**Data shown**
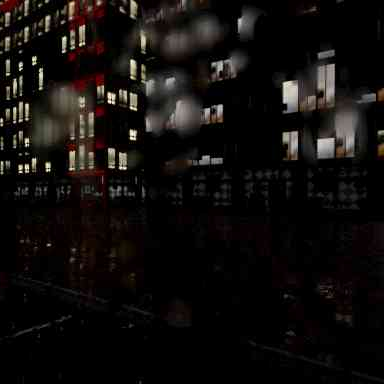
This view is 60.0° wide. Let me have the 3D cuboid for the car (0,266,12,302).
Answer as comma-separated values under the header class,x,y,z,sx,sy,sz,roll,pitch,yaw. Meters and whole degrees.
class,x,y,z,sx,sy,sz,roll,pitch,yaw
car,-5.571,1.526,6.842,4.829,1.417,1.752,0,0,36
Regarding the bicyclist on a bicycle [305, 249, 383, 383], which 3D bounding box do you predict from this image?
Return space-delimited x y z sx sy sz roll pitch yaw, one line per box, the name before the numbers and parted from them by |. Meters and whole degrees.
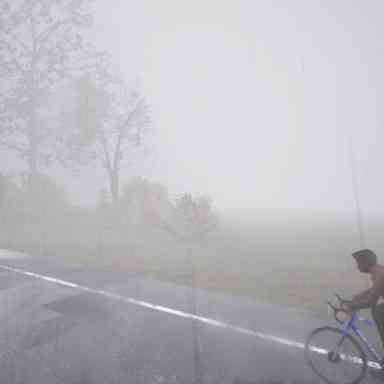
bicyclist on a bicycle | 2.045 1.456 3.596 1.656 1.620 0.582 -1 0 36
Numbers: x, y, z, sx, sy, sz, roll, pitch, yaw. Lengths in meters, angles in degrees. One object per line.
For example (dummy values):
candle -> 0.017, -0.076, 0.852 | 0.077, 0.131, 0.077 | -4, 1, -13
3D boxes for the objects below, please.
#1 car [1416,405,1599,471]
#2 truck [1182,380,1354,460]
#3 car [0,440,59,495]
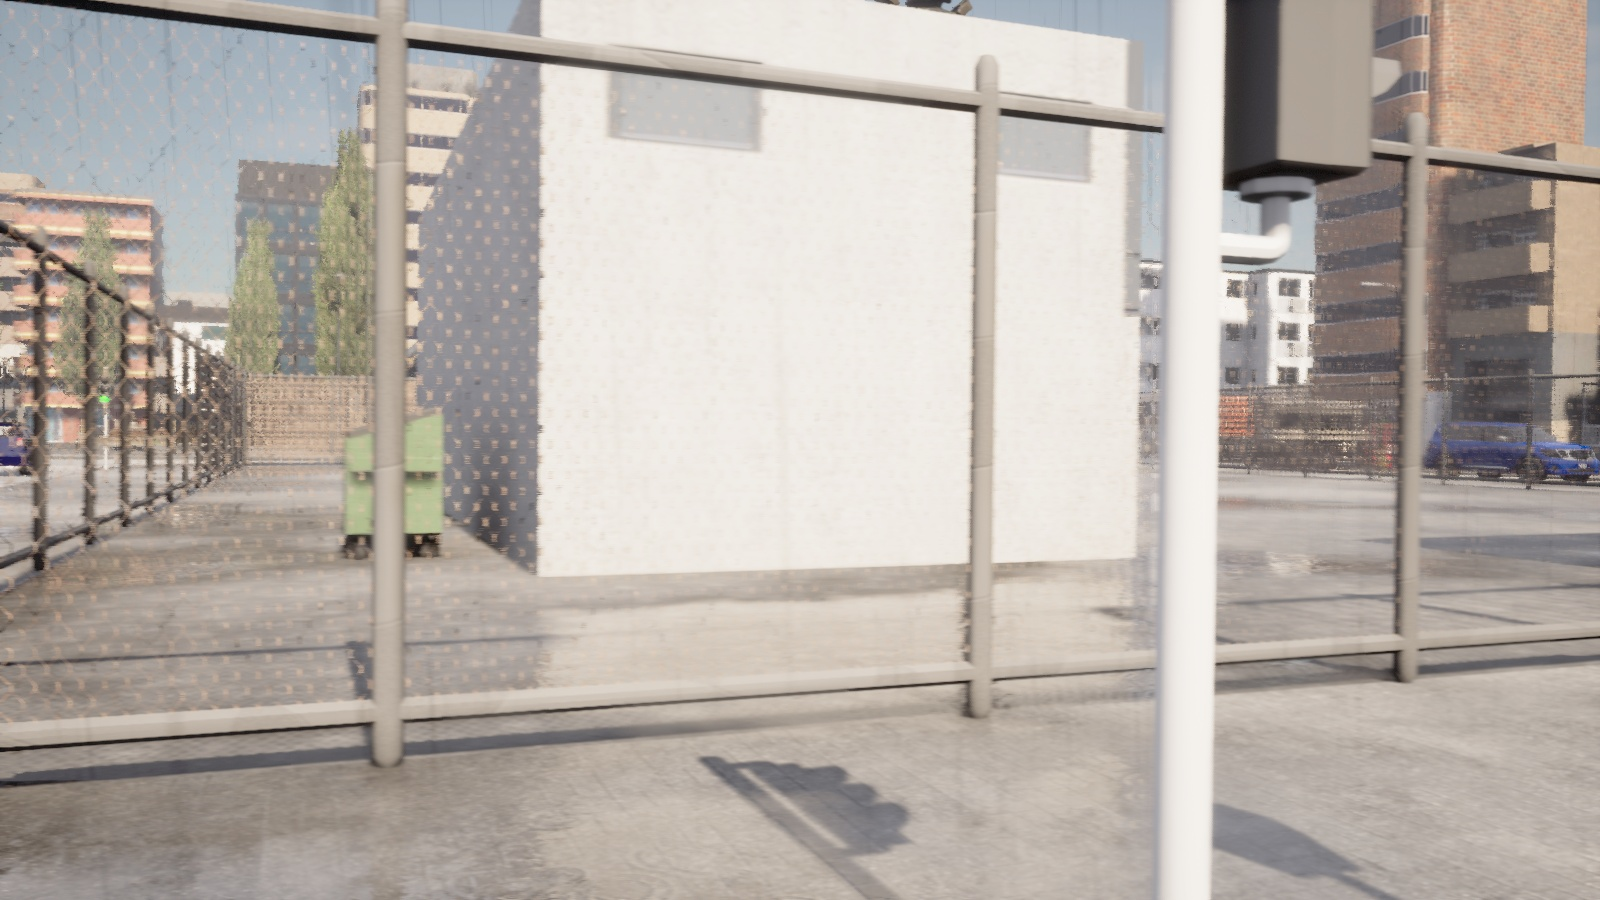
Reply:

**Task details**
Beginning with the line that contains "Regarding the bicyclist", repeat every remaining line of the data exactly, the last line included, and omit pictures.

**Response**
Regarding the bicyclist on a bicycle [305, 249, 383, 383], which 3D bounding box do you predict from this image?
Return space-delimited x y z sx sy sz roll pitch yaw, one line per box, the name before the numbers and parted from them by |. Meters and whole degrees.
bicyclist on a bicycle | 2.045 1.456 3.596 1.656 1.620 0.582 -1 0 36
Numbers: x, y, z, sx, sy, sz, roll, pitch, yaw. Lengths in meters, angles in degrees. One object per line.
For example (dummy values):
candle -> 0.017, -0.076, 0.852 | 0.077, 0.131, 0.077 | -4, 1, -13
3D boxes for the objects below, please.
#1 car [1416,405,1599,471]
#2 truck [1182,380,1354,460]
#3 car [0,440,59,495]
Reply:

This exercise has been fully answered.